GRACIAS CHEEE !!!! GRACIAS A TODOS!!!


----------



## Minga

hmmm miren este caso... no me parece que hable de palancas de cambio sino de operar un elevador o algo asi.. por favor su opinión y sugerencias!!!
Manual Handling refers to physical effort exerted to perform the task of moving an object, people or animals...whether it be lifting, pushing, pulling, carrying, stacking, sliding, wheeling or operating levers


----------



## V Mc Dee

Lever es definitivamente palanca en ingles, as in la LEY DE LA PLANCA: La fuerza por su brazo es a la resistencia por el suyo, e implica un punto de apoyo.  Palanca de embrague can't be anything in english but clutch lever, I'm certain of that, y esta referido al cambio de marchas que se produce al seleccionar un disco o rodillo de mayor o menor diametro, que por tanto afecta a la potencia desarrollada. Rogercito is on the money, pero tambien estoy de acuerdo con Silkesil en que si lo traduces a la inversa palanca de mando es control lever.

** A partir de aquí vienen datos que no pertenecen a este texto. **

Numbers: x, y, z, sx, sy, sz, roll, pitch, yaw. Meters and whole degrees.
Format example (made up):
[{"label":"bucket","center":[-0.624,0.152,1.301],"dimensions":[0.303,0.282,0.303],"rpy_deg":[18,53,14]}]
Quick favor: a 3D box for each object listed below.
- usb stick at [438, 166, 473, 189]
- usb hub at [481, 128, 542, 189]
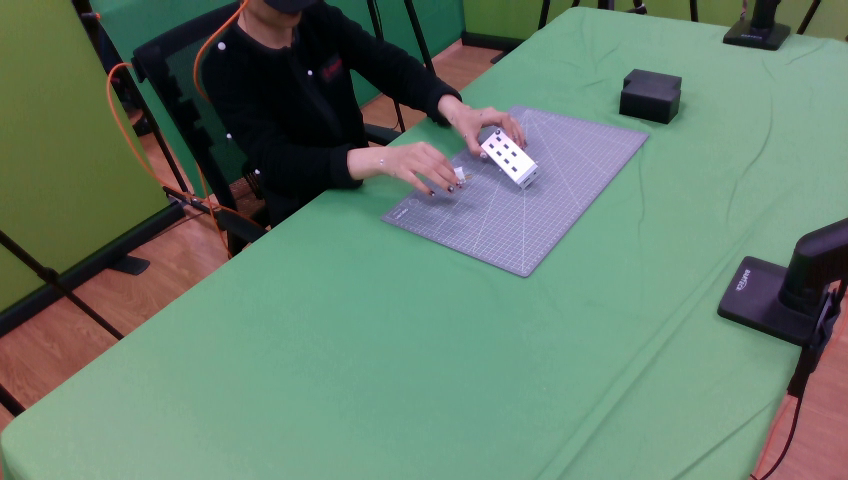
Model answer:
[{"label":"usb stick","center":[0.056,-0.110,1.048],"dimensions":[0.059,0.027,0.021],"rpy_deg":[-14,18,8]},{"label":"usb hub","center":[0.157,-0.149,1.092],"dimensions":[0.049,0.025,0.124],"rpy_deg":[-44,54,10]}]
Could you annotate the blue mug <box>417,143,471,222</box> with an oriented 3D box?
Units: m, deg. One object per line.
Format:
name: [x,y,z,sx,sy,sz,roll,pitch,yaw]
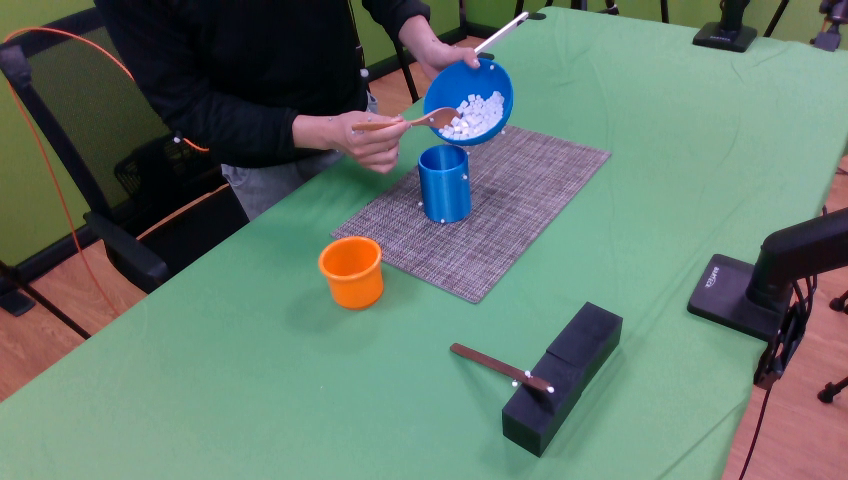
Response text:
blue mug: [0.031,-0.105,1.014,0.082,0.106,0.115,-14,41,-7]

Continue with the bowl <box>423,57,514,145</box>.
bowl: [0.081,-0.214,0.993,0.151,0.077,0.151,-7,69,18]

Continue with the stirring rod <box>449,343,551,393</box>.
stirring rod: [0.088,0.154,0.741,0.014,0.006,0.174,-40,28,-25]

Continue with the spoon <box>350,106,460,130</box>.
spoon: [-0.025,-0.182,0.926,0.195,0.041,0.021,-15,56,-35]
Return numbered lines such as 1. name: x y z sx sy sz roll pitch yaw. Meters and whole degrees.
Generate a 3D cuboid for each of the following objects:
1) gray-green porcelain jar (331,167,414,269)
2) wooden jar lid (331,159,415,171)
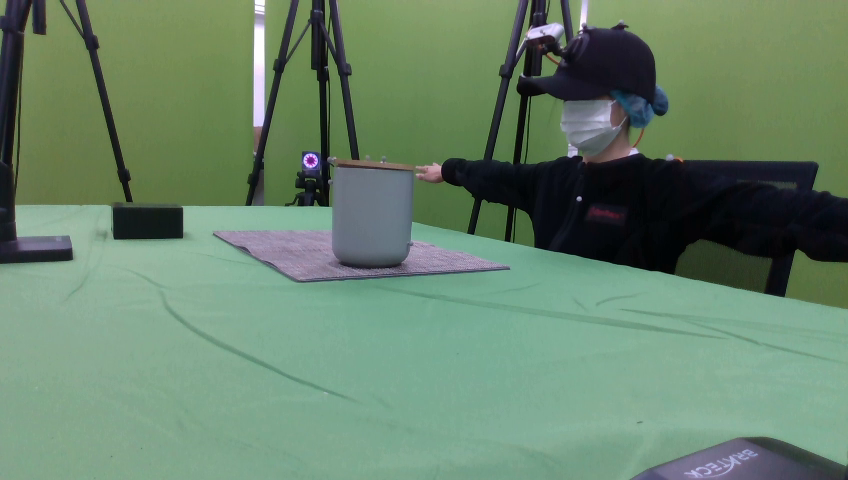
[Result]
1. gray-green porcelain jar: -0.068 -0.030 0.791 0.106 0.126 0.106 3 7 0
2. wooden jar lid: -0.066 -0.091 0.783 0.108 0.020 0.108 5 8 0
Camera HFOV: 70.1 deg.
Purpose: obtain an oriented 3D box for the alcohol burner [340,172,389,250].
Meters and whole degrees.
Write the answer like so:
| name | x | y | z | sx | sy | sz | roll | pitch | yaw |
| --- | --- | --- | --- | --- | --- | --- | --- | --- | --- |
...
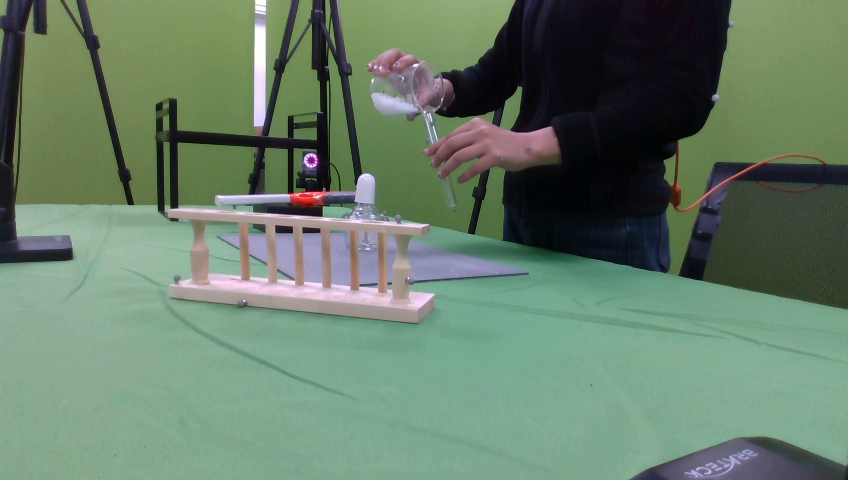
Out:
| name | x | y | z | sx | sy | sz | roll | pitch | yaw |
| --- | --- | --- | --- | --- | --- | --- | --- | --- | --- |
| alcohol burner | -0.094 | -0.045 | 0.939 | 0.078 | 0.119 | 0.078 | 0 | 7 | 0 |

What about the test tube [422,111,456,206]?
| name | x | y | z | sx | sy | sz | roll | pitch | yaw |
| --- | --- | --- | --- | --- | --- | --- | --- | --- | --- |
| test tube | 0.022 | -0.121 | 0.894 | 0.017 | 0.150 | 0.017 | -14 | -12 | -3 |

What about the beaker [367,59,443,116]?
| name | x | y | z | sx | sy | sz | roll | pitch | yaw |
| --- | --- | --- | --- | --- | --- | --- | --- | --- | --- |
| beaker | -0.032 | -0.230 | 0.937 | 0.100 | 0.084 | 0.074 | 4 | 8 | 42 |

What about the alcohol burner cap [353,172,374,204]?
| name | x | y | z | sx | sy | sz | roll | pitch | yaw |
| --- | --- | --- | --- | --- | --- | --- | --- | --- | --- |
| alcohol burner cap | -0.092 | -0.081 | 0.935 | 0.034 | 0.048 | 0.034 | 6 | 10 | -1 |

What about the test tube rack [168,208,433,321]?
| name | x | y | z | sx | sy | sz | roll | pitch | yaw |
| --- | --- | --- | --- | --- | --- | --- | --- | --- | --- |
| test tube rack | -0.116 | 0.018 | 0.573 | 0.242 | 0.085 | 0.067 | 4 | 8 | 13 |

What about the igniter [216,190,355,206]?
| name | x | y | z | sx | sy | sz | roll | pitch | yaw |
| --- | --- | --- | --- | --- | --- | --- | --- | --- | --- |
| igniter | -0.249 | -0.079 | 1.151 | 0.278 | 0.025 | 0.057 | -4 | 11 | -27 |

Up here in the Oil industry we call operating levers (usados conjuntamente e  independiente de operation and lever como terminos individuales) a los medios de operacion o actuacion,  a lo que te permite hacer algo o efectuar una accion, en el uso de una maquina, it does not have to be literal.


----------



## alberto magnani

Estas palabras estaban en una pregunta relacionada con varias acciones realizadas por un hombre primitivo?
"Operating levers": se refiere a la acción del hombre primitivo "Haciendo Palanca" utilizando una palanca para mover,levantar un peso.


----------



## Minga

JJJJAAJA no Alberto... esto es para un manual de operadores de grúa... no exactamente primitivo!!!  !!! pero me sirve saber que es hacer palanca... ya tengo varios términos y les agradezco a todos su colaboración!


----------



## alberto magnani

Que útil es el contexto......


----------



## Minga

Te explico Alberto porque AUN no me cierra lo de operating levers.
Yo estoy traduciendo un manual para operadores de grúa. Operating levers NO es una palanca de mando sin UNA de las funciones que debe cumplir un operador y están diciendo qué puede causarles daño en la espalda por ejemplo. Y nombran: - pulling - pushing - lifting  AND operating levers...
POR LO TANTO operating lever es ALGO que realiza el operador y no un engranaje .. someone operates a lever.... 
Mejor ahora? Ojalá puedan ayudarme .. me tiene trancadísima esta expresión
muchas gracias!
Minga


----------



## alberto magnani

Estimada Minga allí va:
"Jalar, empujar, levantar y "operar palancas"  (manipular)
Suerte.


----------



## Minga

jja tenías razón con lo del contexto...
por apurada y no explicar a fondo, me llevó el doble de tiempo ºº
gracias de verdad Alberto por la ayuda y la paciencia  !
Minga


----------